To detect orphan histidine kinases (HKo), defined as kinases not having as a neighboring response regulator [13], we performed a hmmscan using the profiles of the PfamA shown in Table 1, Data File 1 [3] and kept those hits with an expectation value > 0.001 that fulfill the architectures described in Table 1, Data File 1 [3]. As an additional condition, we discarded those sequences that did not have the same number of domains and with a length no more than twice the length of the model. As the architectures were constructed using proteins experimentally proven to participate in sporulation (Table 1, Data File 1) [3], we considered for this analysis the architecture found in Clostridium thermocellum, which is composed of a HisKA, an HATPase, and a response regulator domain (Table 1, Data File 1) [3].

Spo0 pathways found for each endospore former are shown in Table 1, Data File 3 [14]. These results show the architectures describing twelve HKos, three architectures representing transferases, and two architectures describing the response regulator Spo0A. The final table includes 185 Bacilli, 134 Clostridia, 4 Negativicutes, and 2 Erysipelotrichia species.

Limitations

The data presented in this note were not published as a research article since the main findings were published while our manuscript was under review. Nonetheless, the data are still important and useful since they are a collection of well-curated Firmicutes species for which a Spo0 pathway was present or absent.

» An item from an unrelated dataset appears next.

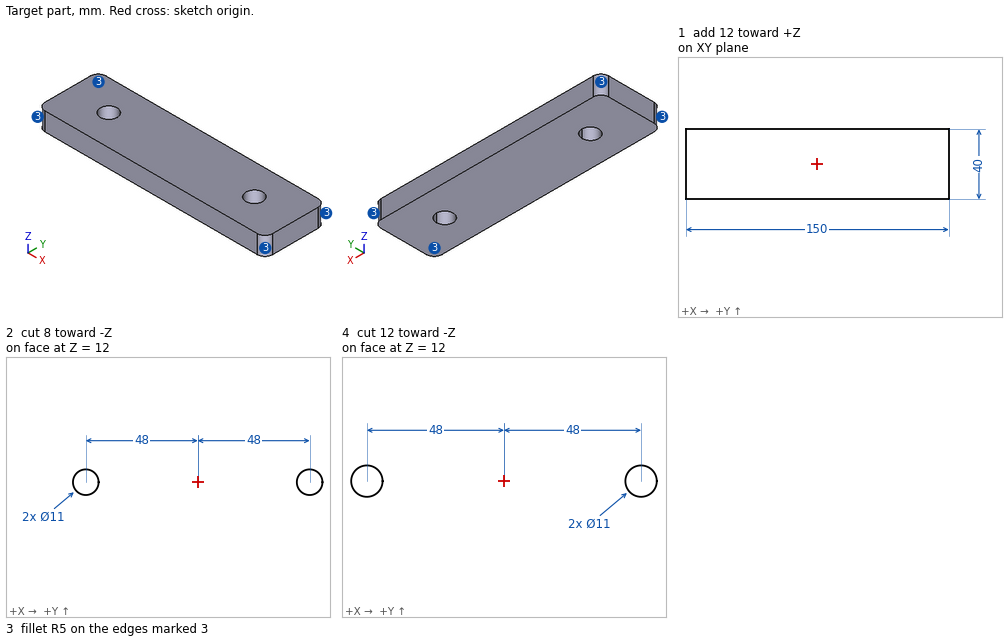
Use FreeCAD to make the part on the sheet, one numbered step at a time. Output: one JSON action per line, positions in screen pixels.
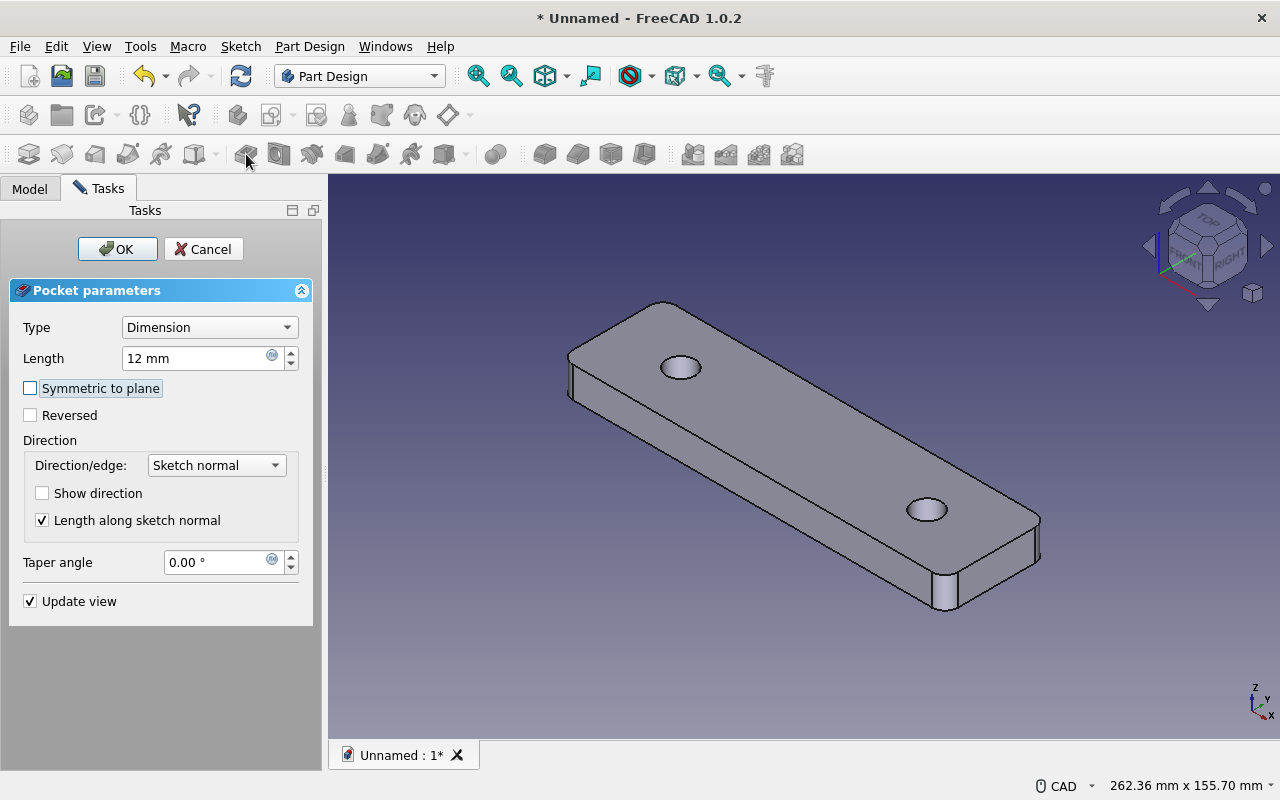
{"action": "left_click", "coordinate": [118, 249]}

Experimental evidence of a sporulation phenotype is not available for a vast number of strains since the conditions have not been identified.

New protein profiles should be constructed to identify novel orphan kinases.

A study should be performed in newly sequenced genomes to increase the collection; nonetheless, the groups presented in this note are probably enough to confirm the main conclusions found by both groups.